Ultrasound Radiologist: Education Requirements & Career Profile
Ultrasound radiologists work in a variety of settings, from private care practices to hospitals. They use sonography to evaluate symptoms and map internal organs. Ultrasound radiologists must undergo extensive education, and job prospects are projected to be favorable for these physicians.
Ultrasound radiologists are physicians who specialize in medical techniques like ultrasounds, x-rays and magnetic resonance imaging (MRI). They must be able to interpret scans in order to diagnose and treat patients. In addition to monitoring patients, ultrasound radiologists may need to evaluate and select imaging equipment for their workplaces. To enter this profession, candidates must earn a bachelor's degree, attend medical school, complete rotations, participate in a fellowship program and become licensed.
Undergraduate degree programs related to science can help students prepare for medical school. Relevant coursework might include anatomy, biology, chemistry and physics. Some universities offer dedicated pre-med programs with a prescribed curriculum of classes that medical schools will look for on transcripts.

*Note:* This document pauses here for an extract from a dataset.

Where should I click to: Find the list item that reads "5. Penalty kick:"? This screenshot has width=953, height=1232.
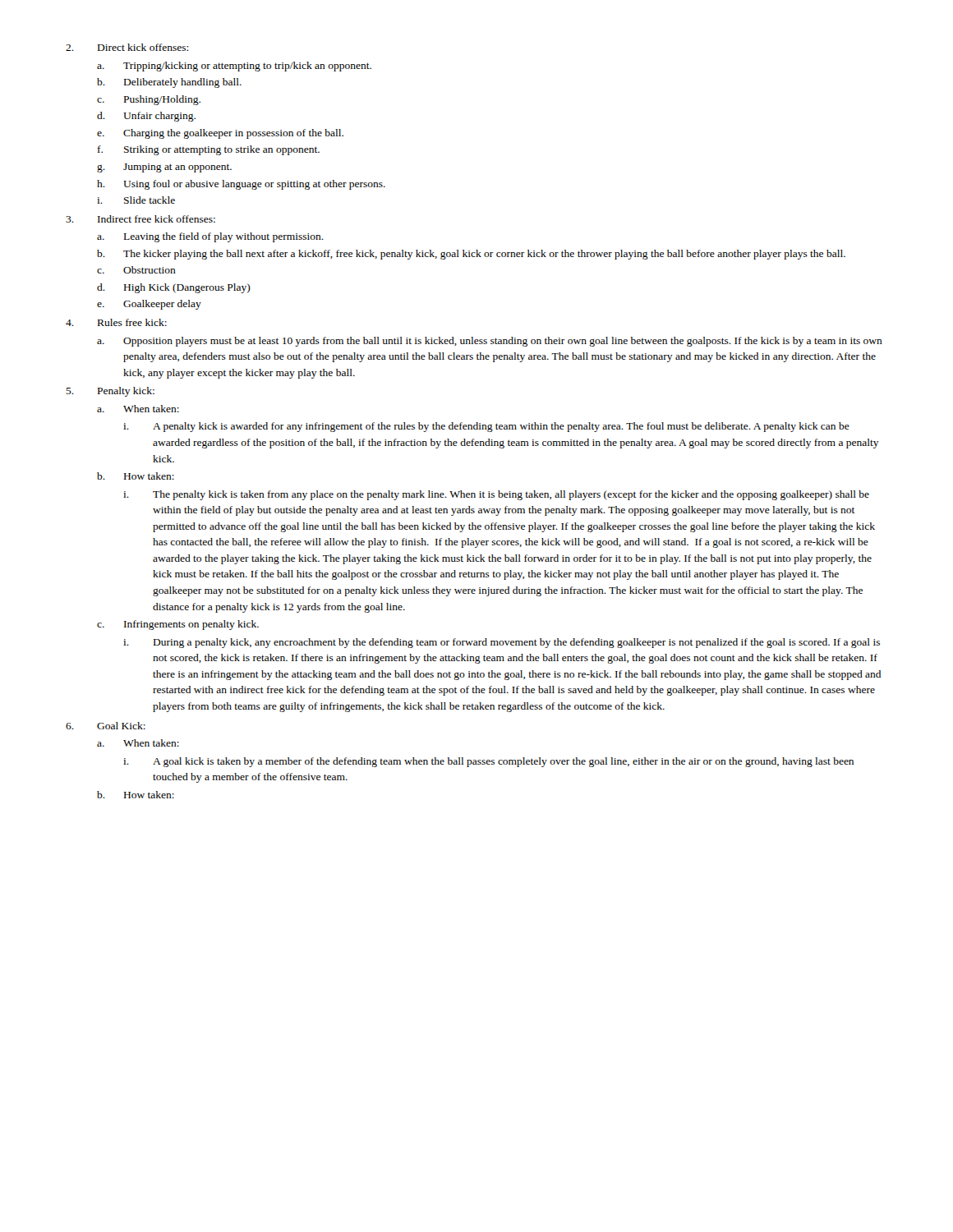476,549

In addition to transcripts, med school admissions officers look at scores from the Medical College Admission Test (MCAT). Medical school typically takes four years to complete and is comprised of both classroom learning and clinical care. Common coursework covers biochemistry, pathology, pharmacology, physiology and standard medical practices. The second half of the curriculum is traditionally comprised of rotations, during which potential doctors work under supervision at on-site medical facilities to learn about various subspecialties; aspiring radiologists can use these experiences to gain hands-on practice with ultrasound.
All ultrasound radiologists must be licensed by their state to practice medicine. Licensure typically occurs after medical school. Aspiring doctors must pass the United States Medical Licensing Examination (USMLE) or the Comprehensive Osteopathic Medical Licensing Exam (COMLEX).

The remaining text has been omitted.